For example, you can train your own GPT-2 capability LLM for only a few dollars on a TPU VM and then talk to it in a familiar ChatGPT-like web UI. nanochat is configured out of the box to train an entire miniseries of compute-optimal models by setting one single complexity dial: --depth, the number of layers in the GPT transformer model. All other hyperparameters are calculated automatically in an optimal way.

Motivation

Even though there exist multiple attempts to port NanoChat to JAX, they are either not kept up-to-date with the latest JAX/Flax NNX API changes, or they are . incomplete in the sense that they do not cover the entire LLM lifecycle (tokenization, pretraining, finetuning, evaluation, inference, and a chat UI). By porting the original NanoChat repo to JAX while keeping the code minimal and readable, I aim to to about provide the same experience of training LLMs as the original NanoChat repo does, but with the performance benefits of JAX.

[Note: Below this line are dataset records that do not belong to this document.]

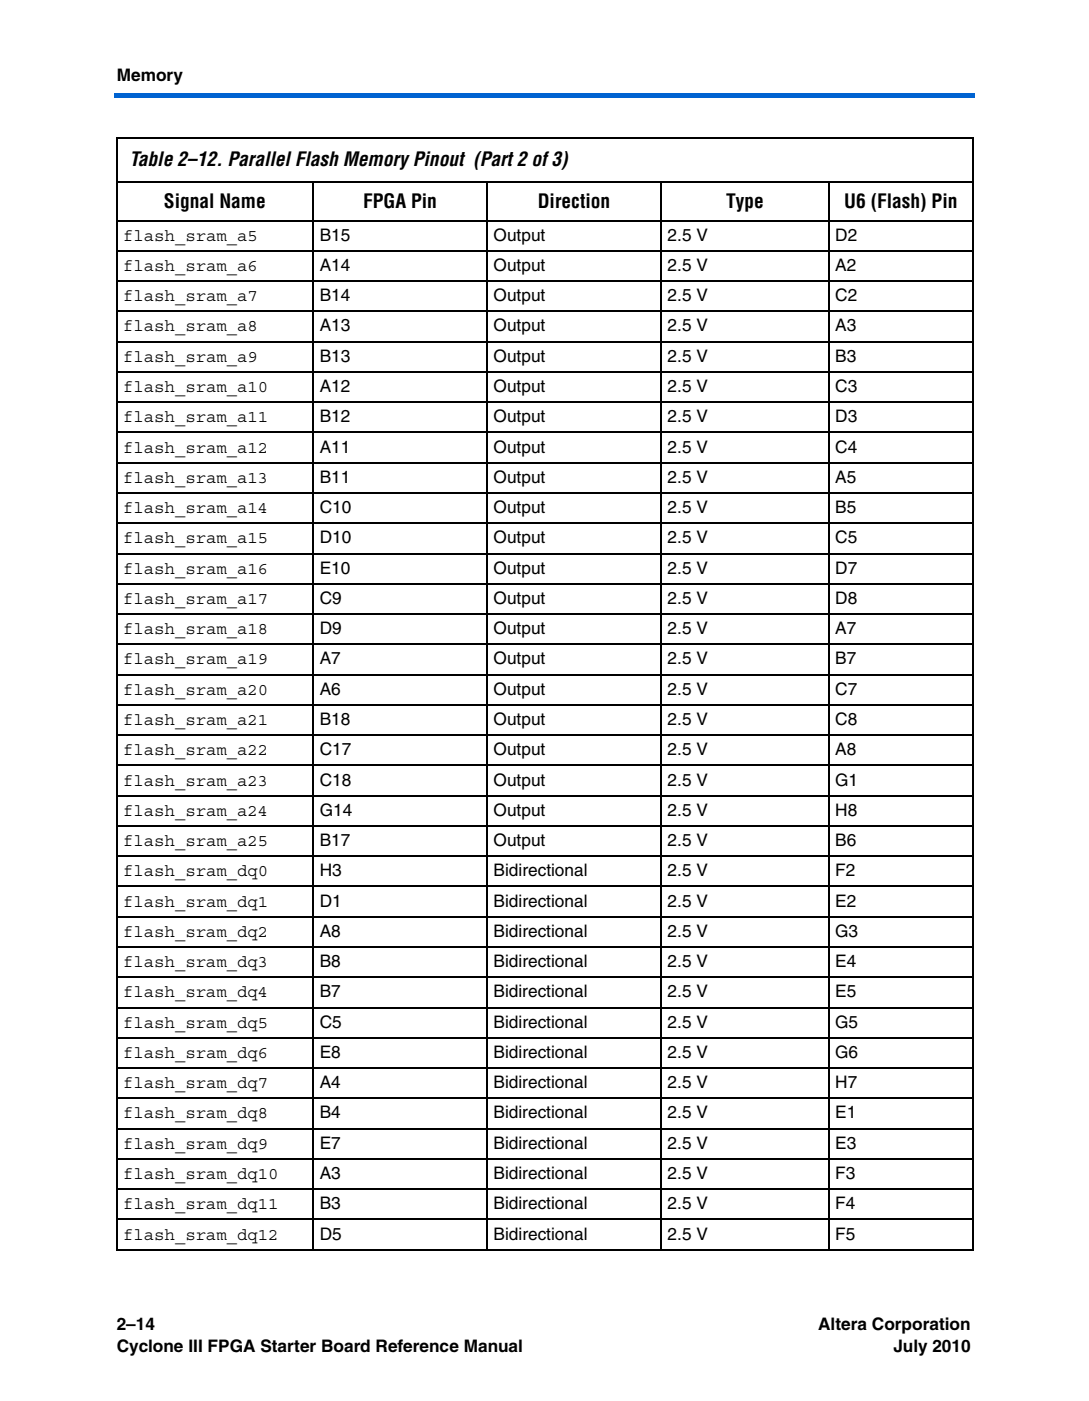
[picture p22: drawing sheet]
<svg xmlns="http://www.w3.org/2000/svg" width="178mm" height="229mm" viewBox="0 0 178 229" stroke-linecap="round" stroke-linejoin="round" font-family="sans-serif">
<defs><g id="words">
<g font-size="3.2">
<text x="21.2" y="27.2">Table 2–12. Parallel Flash Memory Pinout (Part 2 of3)</text>
<text x="26.8" y="33.9">Signal Name</text>
<text x="59.3" y="33.9">FPGA Pin</text>
<text x="87.8" y="33.9">Direction</text>
<text x="118.5" y="33.9">Type</text>
<text x="137.8" y="33.9">U6 (Flash) Pin</text>
</g>
<g font-size="2.8">
<text x="19" y="13.2">Memory</text>
<text x="20.1" y="39.3">flash_sram_a5</text>
<text x="52.2" y="39.3">B15</text>
<text x="80.6" y="39.3">Output</text>
<text x="109" y="39.3">2.5 V</text>
<text x="136.4" y="39.3">D2</text>
<text x="20.1" y="44.2">flash_sram_a6</text>
<text x="52.2" y="44.2">A14</text>
<text x="80.6" y="44.2">Output</text>
<text x="109" y="44.2">2.5 V</text>
<text x="136.4" y="44.2">A2</text>
<text x="20.1" y="49.1">flash_sram_a7</text>
<text x="52.2" y="49.1">B14</text>
<text x="80.6" y="49.1">Output</text>
<text x="109" y="49.1">2.5 V</text>
<text x="136.4" y="49.1">C2</text>
<text x="20.1" y="54.1">flash_sram_a8</text>
<text x="20.1" y="59">flash_sram_a9</text>
<text x="52.2" y="54.1">A13</text>
<text x="52.2" y="59">B13</text>
<text x="80.6" y="54.1">Output</text>
<text x="80.6" y="59">Output</text>
<text x="109" y="54.1">2.5 V</text>
<text x="109" y="59">2.5 V</text>
<text x="136.4" y="54.1">A3</text>
<text x="136.4" y="59">B3</text>
<text x="20.1" y="64">flash_sram_a10</text>
<text x="52.2" y="64">A12</text>
<text x="80.6" y="64">Output</text>
<text x="109" y="64">2.5 V</text>
<text x="136.4" y="64">C3</text>
<text x="20.1" y="68.9">flash_sram_a11</text>
<text x="52.2" y="68.9">B12</text>
<text x="80.6" y="68.9">Output</text>
<text x="109" y="68.9">2.5 V</text>
<text x="136.4" y="68.9">D3</text>
<text x="20.1" y="73.9">flash_sram_a12</text>
<text x="52.2" y="73.9">A11</text>
<text x="80.6" y="73.9">Output</text>
<text x="109" y="73.9">2.5 V</text>
<text x="136.4" y="73.9">C4</text>
<text x="20.1" y="78.8">flash_sram_a13</text>
<text x="20.1" y="83.7">flash_sram_a14</text>
<text x="52.2" y="78.8">B11</text>
<text x="52.2" y="83.7">C10</text>
<text x="80.6" y="78.8">Output</text>
<text x="80.6" y="83.7">Output</text>
<text x="109" y="78.8">2.5 V</text>
<text x="109" y="83.7">2.5 V</text>
<text x="136.4" y="78.8">A5</text>
<text x="136.4" y="83.7">B5</text>
<text x="20.1" y="88.7">flash_sram_a15</text>
<text x="52.2" y="88.7">D10</text>
<text x="80.6" y="88.7">Output</text>
<text x="109" y="88.7">2.5 V</text>
<text x="136.4" y="88.7">C5</text>
<text x="20.1" y="93.6">flash_sram_a16</text>
<text x="52.2" y="93.6">E10</text>
<text x="80.6" y="93.6">Output</text>
<text x="109" y="93.6">2.5 V</text>
<text x="136.4" y="93.6">D7</text>
<text x="20.1" y="98.6">flash_sram_a17</text>
<text x="52.2" y="98.6">C9</text>
<text x="80.6" y="98.6">Output</text>
<text x="109" y="98.6">2.5 V</text>
<text x="136.4" y="98.6">D8</text>
<text x="20.1" y="103.5">flash_sram_a18</text>
<text x="52.2" y="103.5">D9</text>
<text x="80.6" y="103.5">Output</text>
<text x="109" y="103.5">2.5 V</text>
<text x="136.4" y="103.5">A7</text>
<text x="20.1" y="108.4">flash_sram_a19</text>
<text x="20.1" y="113.4">flash_sram_a20</text>
<text x="52.2" y="108.4">A7</text>
<text x="52.2" y="113.4">A6</text>
<text x="80.6" y="108.4">Output</text>
<text x="80.6" y="113.4">Output</text>
<text x="109" y="108.4">2.5 V</text>
<text x="109" y="113.4">2.5 V</text>
<text x="136.4" y="108.4">B7</text>
<text x="136.4" y="113.4">C7</text>
<text x="20.1" y="118.3">flash_sram_a21</text>
<text x="52.2" y="118.3">B18</text>
<text x="80.6" y="118.3">Output</text>
<text x="109" y="118.3">2.5 V</text>
<text x="136.4" y="118.3">C8</text>
<text x="20.1" y="123.2">flash_sram_a22</text>
<text x="52.2" y="123.2">C17</text>
<text x="80.6" y="123.2">Output</text>
<text x="109" y="123.2">2.5 V</text>
<text x="136.4" y="123.2">A8</text>
<text x="20.1" y="128.2">flash_sram_a23</text>
<text x="52.2" y="128.2">C18</text>
<text x="80.6" y="128.2">Output</text>
<text x="109" y="128.2">2.5 V</text>
<text x="136.4" y="128.2">G1</text>
<text x="20.1" y="133.1">flash_sram_a24</text>
<text x="52.2" y="133.1">G14</text>
<text x="80.6" y="133.1">Output</text>
<text x="109" y="133.1">2.5 V</text>
<text x="136.4" y="133.1">H8</text>
<text x="20.1" y="138">flash_sram_a25</text>
<text x="20.1" y="143">flash_sram_dq0</text>
<text x="52.2" y="138">B17</text>
<text x="52.2" y="143">H3</text>
<text x="80.6" y="138">Output</text>
<text x="80.6" y="143">Bidirectional</text>
<text x="109" y="143">2.5 V</text>
<text x="109" y="138">2.5 V</text>
<text x="136.4" y="143">F2</text>
<text x="136.4" y="138">B6</text>
<text x="20.1" y="147.9">flash_sram_dq1</text>
<text x="52.2" y="147.9">D1</text>
<text x="80.6" y="147.9">Bidirectional</text>
<text x="109" y="147.9">2.5 V</text>
<text x="136.4" y="147.9">E2</text>
<text x="20.1" y="152.9">flash_sram_dq2</text>
<text x="52.2" y="152.9">A8</text>
<text x="80.6" y="152.9">Bidirectional</text>
<text x="109" y="152.9">2.5 V</text>
<text x="136.4" y="152.9">G3</text>
<text x="20.1" y="157.8">flash_sram_dq3</text>
<text x="52.2" y="157.8">B8</text>
<text x="80.6" y="157.8">Bidirectional</text>
<text x="109" y="157.8">2.5 V</text>
<text x="136.4" y="157.8">E4</text>
<text x="20.1" y="167.7">flash_sram_dq5</text>
<text x="20.1" y="162.8">flash_sram_dq4</text>
<text x="52.2" y="167.7">C5</text>
<text x="52.2" y="162.8">B7</text>
<text x="80.6" y="162.8">Bidirectional</text>
<text x="80.6" y="167.7">Bidirectional</text>
<text x="109" y="167.7">2.5 V</text>
<text x="109" y="162.8">2.5 V</text>
<text x="136.4" y="162.8">E5</text>
<text x="136.4" y="167.7">G5</text>
<text x="20.1" y="172.6">flash_sram_dq6</text>
<text x="52.2" y="172.6">E8</text>
<text x="80.6" y="172.6">Bidirectional</text>
<text x="109" y="172.6">2.5 V</text>
<text x="136.4" y="172.6">G6</text>
<text x="20.1" y="177.6">flash_sram_dq7</text>
<text x="52.2" y="177.6">A4</text>
<text x="80.6" y="177.6">Bidirectional</text>
<text x="109" y="177.6">2.5 V</text>
<text x="136.4" y="177.6">H7</text>
<text x="20.1" y="182.5">flash_sram_dq8</text>
<text x="52.2" y="182.5">B4</text>
<text x="80.6" y="182.5">Bidirectional</text>
<text x="109" y="182.5">2.5 V</text>
<text x="136.4" y="182.5">E1</text>
<text x="20.1" y="187.5">flash_sram_dq9</text>
<text x="52.2" y="187.5">E7</text>
<text x="80.6" y="187.5">Bidirectional</text>
<text x="109" y="187.5">2.5 V</text>
<text x="136.4" y="187.5">E3</text>
<text x="20.1" y="197.3">flash_sram_dq11</text>
<text x="20.1" y="192.4">flash_sram_dq10</text>
<text x="52.2" y="197.3">B3</text>
<text x="52.2" y="192.4">A3</text>
<text x="80.6" y="197.3">Bidirectional</text>
<text x="80.6" y="192.4">Bidirectional</text>
<text x="109" y="197.3">2.5 V</text>
<text x="109" y="192.4">2.5 V</text>
<text x="136.4" y="197.3">F4</text>
<text x="136.4" y="192.4">F3</text>
<text x="20.1" y="202.3">flash_sram_dq12</text>
<text x="52.2" y="202.3">D5</text>
<text x="80.6" y="202.3">Bidirectional</text>
<text x="109" y="202.3">2.5 V</text>
<text x="136.4" y="202.3">F5</text>
<text x="19" y="217.1">2–14</text>
<text x="19" y="220.6">Cyclone III FPGA Starter Board Reference Manual</text>
<text x="133.6" y="217.1">Altera Corporation</text>
<text x="145.9" y="220.6">July 2010</text>
</g>
</g></defs>
<g fill="#0063d1">
<path d="M18.7 15.2h.3v.7h-.3z"/>
<path d="M19 15.2h140.1v.7h-140.1z"/>
</g>
<g fill="none" stroke="#000" stroke-width=".17">
<path d="M19 22.6h140M19 29.6h140M19 36h140M19.1 22.7v181.1M51.1 29.5v174.5M79.5 29.5v174.5M107.9 29.5v174.5M135.3 29.5v174.5M158.9 22.7v181.1M19 40.9h140M19 45.9h140M19 50.8h140"/>
<path d="M19 55.7h140M19 60.7h140M19 65.6h140M19 70.5h140M19 75.5h140M19 80.4h140M19 85.4h140M19 90.3h140M19 95.2h140M19 100.2h140M19 105.1h140M19 110.1h140"/>
<path d="M19 115h140M19 120h140M19 124.9h140M19 129.8h140M19 134.8h140M19 139.7h140M19 144.6h140M19 149.6h140M19 154.5h140M19 159.4h140M19 164.4h140M19 169.3h140"/>
<path d="M19 174.3h140M19 179.2h140M19 184.2h140M19 189.1h140M19 194h140M19 199h140M19 203.9h140"/>
</g>
<use href="#words"/>
</svg>

You can run comprehensive smoke tests on Colab

Open in Colab

Getting started

Setup

nanochat uses uv for dependency management. To install for JAX/TPU:

uv sync                # Installs JAX with TPU support by default
source .venv/bin/activate

For development (adds pytest, transformers, etc.):

uv sync --group dev

Reproduce and talk to GPT-2

The entire pipeline is designed for TPU VMs. Boot up a TPU node (e.g., v5p-8) and run:

# Provision a TPU.
gcloud alpha compute tpus queued-resources create tpu-builder-queue \
    --zone=us-east5-a \
    --accelerator-type=v5p-8 \
    --runtime-version=v2-alpha-tpuv5 \
    --node-id=my-tpu-node \
    --provisioning-model=flex-start \
    --max-run-duration=4h \
    --valid-until-duration=4h \
    --labels=purpose=flex-start # Fix to 


# Check the request status:

gcloud alpha compute tpus queued-resources describe tpu-builder-queue \
    --zone us-east5-a

# Once on the TPU VM:
bash runs/tpu_smoke_test.sh   # Verify everything is working
bash runs/speedrun_tpu.sh         # Kick off the GPT-2 speedrun

Once training is done, you can serve the chat UI:

python -m scripts.chat_web

And then visit the URL shown. Talk to your LLM as you'd normally talk to ChatGPT!


image

Research

nanochat is written using Flax NNX, the next-generation module system for JAX. It leverages JAX's powerful transformation system:

  • jax.jit for fused, high-performance execution.
  • jax.sharding for seamless data-parallel training across TPU cores.
  • Splash Attention: TPU-native optimized attention via jax.nn.dot_product_attention.

To run a research experiment (e.g., a d12 model):

python -m scripts.base_train \
    --depth=12 \
    --run="d12_experiment" \
    --core-metric-every=999999 \
    --sample-every=-1 \
    --save-every=-1

Running on CPU / MPS

The script runs/runcpu.sh shows an example of running on CPU or Apple Silicon. It shrinks the model to fit into a few minutes of training. Note that JAX on MPS is still evolving and may have different performance characteristics than CUDA/TPU.

Precision / dtype

nanochat manages precision explicitly via COMPUTE_DTYPE (defined in nanochat/common.py).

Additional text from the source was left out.